Agios Announced Earlier Results From Its Phase 3 ENERGIZE Study Of Mitapivat In Non-Transfusion-Dependent Thalassemia; Study Achieved Its Primary Endpoint
Agios Announced Earlier Results From Its Phase 3 ENERGIZE Study Of Mitapivat In Non-Transfusion-Dependent Thalassemia; Study Achieved Its Primary Endpoint
Agios Pharmaceuticals, Inc. (NASDAQ:AGIO), a leader in cellular metabolism and pyruvate kinase (PK) activation pioneering therapies for rare diseases, today presented detailed results from the global Phase 3 ENERGIZE study of mitapivat in adults with non-transfusion-dependent (NTD) alpha- or beta-thalassemia in a plenary session (abstract #S104) at the European Hematology Association 2024 (EHA2024) Hybrid Congress, which is being held June 13-16, 2024, in Madrid, Spain. In a related poster presentation (abstract #P1529), the company presented additional data from the ENERGIZE study highlighting clinically meaningful improvements in health-related quality of life measures and patient-reported outcomes among patients in the mitapivat arm compared to those in the placebo arm.

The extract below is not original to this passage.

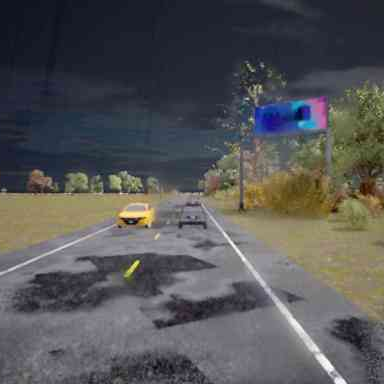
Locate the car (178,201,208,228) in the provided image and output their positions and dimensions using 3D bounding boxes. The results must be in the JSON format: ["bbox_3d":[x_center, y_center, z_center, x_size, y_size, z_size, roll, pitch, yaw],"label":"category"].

全球貨幣領域的領導者Agios Pharmaceuticals, Inc. ( 納斯達克股票代碼:AGIO ) 今天在西班牙馬德里舉行的2024年歐洲血液學會(EHA2024)混合大會的主題會議上(摘要#S104)公佈了來自全球第三期ENERGIZE研究關於mitapivat在成年非輸血性(NTD)α-或β-地中海貧血患者中的詳細結果。在相關海報演示(摘要#P1529)中,該公司呈現了ENERGIZE研究的額外數據,強調mitapivat組患者在健康相關生命質量和患者報告的結果方面與安慰劑組相比有顯著改善。

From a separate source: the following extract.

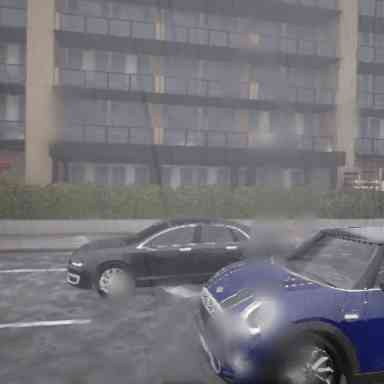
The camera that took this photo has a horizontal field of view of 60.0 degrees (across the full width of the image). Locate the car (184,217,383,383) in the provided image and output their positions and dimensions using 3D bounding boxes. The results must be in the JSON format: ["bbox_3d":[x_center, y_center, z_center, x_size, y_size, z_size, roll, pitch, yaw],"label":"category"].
[{"bbox_3d":[2.362,1.301,4.590,4.553,1.767,2.097,1,1,-11],"label":"car"}]

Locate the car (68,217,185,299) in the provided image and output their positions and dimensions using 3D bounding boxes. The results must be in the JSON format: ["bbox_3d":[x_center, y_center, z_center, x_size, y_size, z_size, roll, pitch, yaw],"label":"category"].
[{"bbox_3d":[-0.249,1.359,7.634,4.892,1.490,1.837,1,1,-11],"label":"car"}]

The ENERGIZE study achieved its primary endpoint, with mitapivat demonstrating a statistically significant increase in hemoglobin response rate compared to placebo. Statistical significance was also achieved for both key secondary endpoints associated with change from baseline in FACIT-Fatigue Score and hemoglobin concentration. These improvements were observed across all pre-specified subgroups.
ENERGIZE研究實現了其主要終點,mitapivat與安慰劑相比顯示出統計學上顯著的血紅蛋白反應率增加。兩個關鍵的次要終點與基線相比的FACIT疲勞評分和血紅蛋白濃度的變化也取得了統計學上的顯著性。這些改善在所有預指定的亞組中觀察到。